To make this explicit, we will include a clarification such as:
“Block sizes were selected to be comparable to or larger than the spatial extent of mapped landslides and were varied systematically (600–1500 m) to assess the sensitivity of model performance to increasing spatial separation between training and validation data.”
We acknowledge that individual landslides may span multiple spatial blocks, which can result in different portions of the same landslide being included in both training and validation datasets under spatial block cross-validation. This may introduce partial spatial dependence and potentially optimistic bias in performance estimates, as spatially proximate observations may still share similar predictor values.
To address this limitation, we used Leave-One-Landslide-Out cross-validation (LOLO-CV) as a complementary validation strategy. LOLO-CV ensures independence at the landslide level (i.e., no pixels from the test landslide are used in training), although spatial dependence between nearby landslides may still influence model performance. Compared to spatial block cross-validation, LOLO-CV provides a more conservative assessment of model generalisation across landslides, and should therefore be interpreted as a stricter, complementary evaluation rather than a replacement for spatial block-based approaches.
The consistency of model performance across validation schemes (random CV ≈ 0.83–0.86; spatial block CV ≈ 0.83; LOLO-CV ≈ 0.86) suggests broadly consistent behaviour across validation configurations, although differences between methods highlight the influence of spatial dependence on performance estimates, and reinforce that these approaches provide complementary perspectives on model performance rather than a single definitive value.
We also acknowledge the reviewer’s suggestion regarding alternative spatial partitioning strategies, including clustering-based approaches, geomorphological units (e.g., catchments), and lithological stratification. While these approaches can provide meaningful partitions, their application in this study is constrained by the relatively small study area and limited number of landslides (n = 25), which would likely result in highly unbalanced folds or reduced statistical robustness, thereby limiting their practical applicability in this specific context.

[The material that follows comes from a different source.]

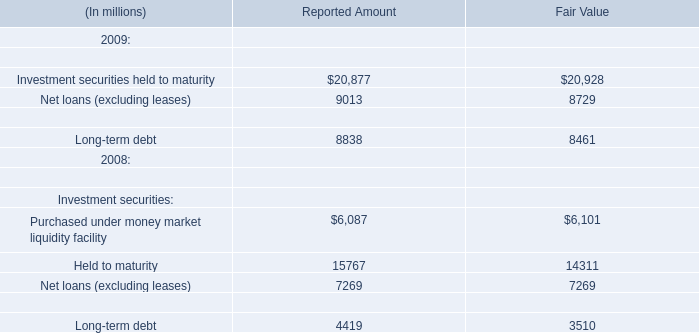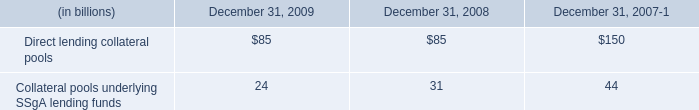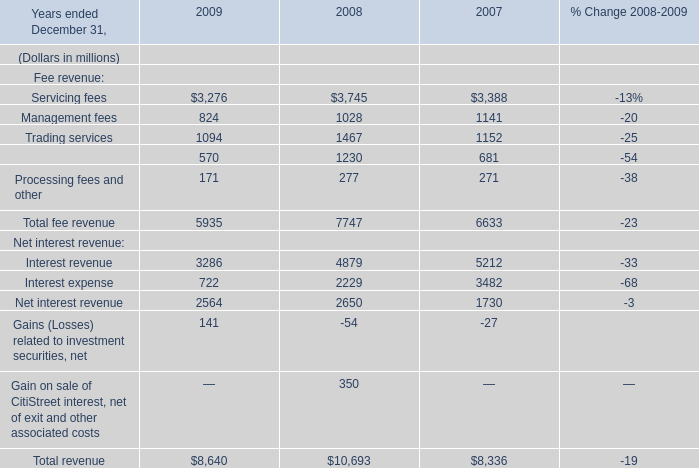what was the percent change in the aggregate net asset values of the collateral pools underlying ssga lending funds between 2008 and 2009? 
Computations: ((31 - 24) / 24)
Answer: 0.29167.

We will clarify this limitation in the revised manuscript.
These revisions will provide a clearer and more transparent justification of the spatial partitioning strategy and its implications for model evaluation, and align the validation framework with the study objective of evaluating spatial generalisation under spatial dependence.
(4) Spatial leakage
We thank the reviewer for pointing out the need for a clearer and more explicit definition of the term “spatial leakage.”
In the revised manuscript, we will define spatial leakage at first use as follows:
“Spatial leakage refers to the unintended transfer of information between training and validation datasets due to spatial proximity and autocorrelation. When geographically close observations share similar predictor values, the validation data are no longer fully independent from the training data, which can lead to overly optimistic estimates of model performance.”
We will further clarify that spatial leakage can occur at two levels relevant to this study: (i) within-landslide leakage, when pixels belonging to the same landslide are split between training and validation datasets, and (ii) between-landslide leakage, when neighbouring landslides share similar environmental conditions due to spatial proximity, leading to residual dependence even when datasets are spatially separated.
We will also clarify how the validation strategies used in this study address these effects. Spatial block cross-validation reduces local spatial dependence by increasing the geographical separation between folds, while Leave-One-Landslide-Out cross-validation (LOLO-CV) eliminates within-landslide leakage by ensuring that all pixels from a given landslide are excluded from training during validation. However, neither approach fully removes spatial dependence between nearby landslides, and this limitation will be explicitly acknowledged, consistent with the study objective of evaluating model generalisation under spatial dependence rather than absolute independence.
These revisions will provide a clearer and more precise definition of spatial leakage and its implications for model evaluation, and ensure consistency with the broader validation framework described above.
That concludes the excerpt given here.